## Brief
Go through the records and tally the lines that include the word "each". The answer is that total alone.

## Material to process
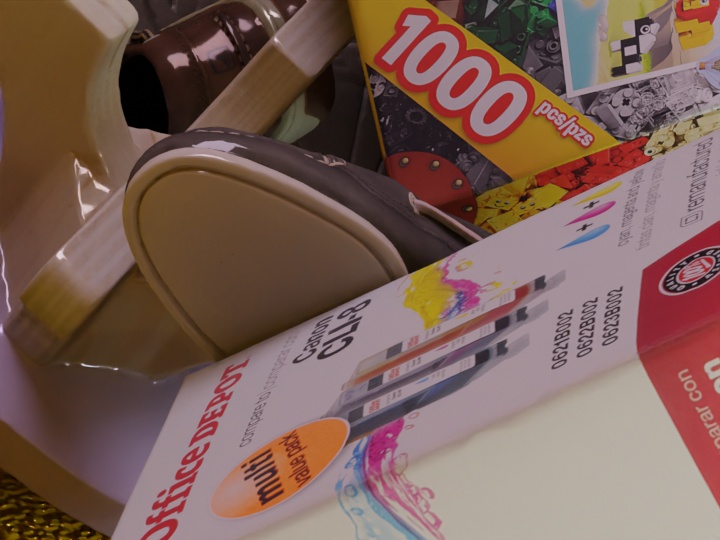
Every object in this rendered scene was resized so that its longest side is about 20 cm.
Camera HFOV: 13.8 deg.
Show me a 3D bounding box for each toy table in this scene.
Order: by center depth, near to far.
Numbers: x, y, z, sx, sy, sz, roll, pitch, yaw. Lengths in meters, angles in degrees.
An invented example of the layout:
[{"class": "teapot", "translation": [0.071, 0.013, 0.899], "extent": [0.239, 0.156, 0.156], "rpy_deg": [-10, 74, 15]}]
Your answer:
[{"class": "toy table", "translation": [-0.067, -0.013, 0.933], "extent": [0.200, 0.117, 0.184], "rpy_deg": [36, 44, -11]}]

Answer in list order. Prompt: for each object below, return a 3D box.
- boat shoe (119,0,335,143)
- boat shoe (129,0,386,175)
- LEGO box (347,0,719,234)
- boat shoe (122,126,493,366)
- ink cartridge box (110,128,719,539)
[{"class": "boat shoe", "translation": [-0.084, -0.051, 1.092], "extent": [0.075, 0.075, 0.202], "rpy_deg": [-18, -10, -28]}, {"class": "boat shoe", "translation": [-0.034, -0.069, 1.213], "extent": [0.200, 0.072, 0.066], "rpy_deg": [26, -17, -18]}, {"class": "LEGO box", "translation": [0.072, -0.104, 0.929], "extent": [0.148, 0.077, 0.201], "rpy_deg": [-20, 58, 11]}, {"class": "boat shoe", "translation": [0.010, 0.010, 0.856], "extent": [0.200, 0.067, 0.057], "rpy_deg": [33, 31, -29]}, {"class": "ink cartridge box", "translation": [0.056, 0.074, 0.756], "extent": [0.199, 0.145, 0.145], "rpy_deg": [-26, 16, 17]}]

---

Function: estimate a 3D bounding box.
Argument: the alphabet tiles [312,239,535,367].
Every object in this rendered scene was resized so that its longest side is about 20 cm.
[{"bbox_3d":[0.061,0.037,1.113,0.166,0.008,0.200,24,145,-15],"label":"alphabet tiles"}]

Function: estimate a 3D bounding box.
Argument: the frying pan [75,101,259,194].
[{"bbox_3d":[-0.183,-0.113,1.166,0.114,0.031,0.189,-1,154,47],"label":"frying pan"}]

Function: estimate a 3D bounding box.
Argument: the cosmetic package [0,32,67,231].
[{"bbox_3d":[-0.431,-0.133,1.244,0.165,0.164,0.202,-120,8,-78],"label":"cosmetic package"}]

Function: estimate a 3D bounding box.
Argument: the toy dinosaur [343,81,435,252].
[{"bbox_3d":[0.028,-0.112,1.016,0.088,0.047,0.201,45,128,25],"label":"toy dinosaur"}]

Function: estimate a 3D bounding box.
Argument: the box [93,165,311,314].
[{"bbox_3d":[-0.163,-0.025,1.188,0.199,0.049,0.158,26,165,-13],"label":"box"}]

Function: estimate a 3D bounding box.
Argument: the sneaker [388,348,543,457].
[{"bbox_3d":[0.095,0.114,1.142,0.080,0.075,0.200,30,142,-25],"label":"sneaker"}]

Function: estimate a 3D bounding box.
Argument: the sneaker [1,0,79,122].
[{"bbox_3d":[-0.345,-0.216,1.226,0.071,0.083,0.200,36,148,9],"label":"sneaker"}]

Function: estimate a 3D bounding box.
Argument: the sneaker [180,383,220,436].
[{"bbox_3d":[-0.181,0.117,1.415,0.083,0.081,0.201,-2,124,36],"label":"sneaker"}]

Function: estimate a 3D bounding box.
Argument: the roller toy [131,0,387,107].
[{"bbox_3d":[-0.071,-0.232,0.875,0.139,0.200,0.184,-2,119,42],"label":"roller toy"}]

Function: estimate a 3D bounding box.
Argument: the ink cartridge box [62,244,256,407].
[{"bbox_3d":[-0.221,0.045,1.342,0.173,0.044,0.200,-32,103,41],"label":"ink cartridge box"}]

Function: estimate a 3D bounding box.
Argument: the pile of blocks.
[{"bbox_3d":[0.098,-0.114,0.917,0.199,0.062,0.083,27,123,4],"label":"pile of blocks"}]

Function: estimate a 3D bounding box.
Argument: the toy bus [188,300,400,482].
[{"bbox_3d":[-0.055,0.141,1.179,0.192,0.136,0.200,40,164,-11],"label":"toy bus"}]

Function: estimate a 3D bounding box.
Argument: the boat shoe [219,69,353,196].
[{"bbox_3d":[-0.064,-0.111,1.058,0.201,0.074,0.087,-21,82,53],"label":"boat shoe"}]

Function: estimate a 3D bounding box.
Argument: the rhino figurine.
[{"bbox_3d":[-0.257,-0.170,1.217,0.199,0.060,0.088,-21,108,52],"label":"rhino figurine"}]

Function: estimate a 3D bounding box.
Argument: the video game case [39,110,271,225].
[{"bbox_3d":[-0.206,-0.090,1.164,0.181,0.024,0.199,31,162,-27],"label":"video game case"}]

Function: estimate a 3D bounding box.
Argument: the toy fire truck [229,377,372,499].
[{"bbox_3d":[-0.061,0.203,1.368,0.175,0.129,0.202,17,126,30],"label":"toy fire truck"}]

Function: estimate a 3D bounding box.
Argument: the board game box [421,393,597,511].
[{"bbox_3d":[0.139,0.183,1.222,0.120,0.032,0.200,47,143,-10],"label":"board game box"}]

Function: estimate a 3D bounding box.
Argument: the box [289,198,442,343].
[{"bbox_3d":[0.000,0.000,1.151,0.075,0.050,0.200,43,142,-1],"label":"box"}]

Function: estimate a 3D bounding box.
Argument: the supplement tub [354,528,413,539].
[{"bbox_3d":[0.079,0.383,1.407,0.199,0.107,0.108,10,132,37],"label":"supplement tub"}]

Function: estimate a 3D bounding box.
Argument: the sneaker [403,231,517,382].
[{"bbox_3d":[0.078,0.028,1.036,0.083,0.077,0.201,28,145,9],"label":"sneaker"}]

## Output
2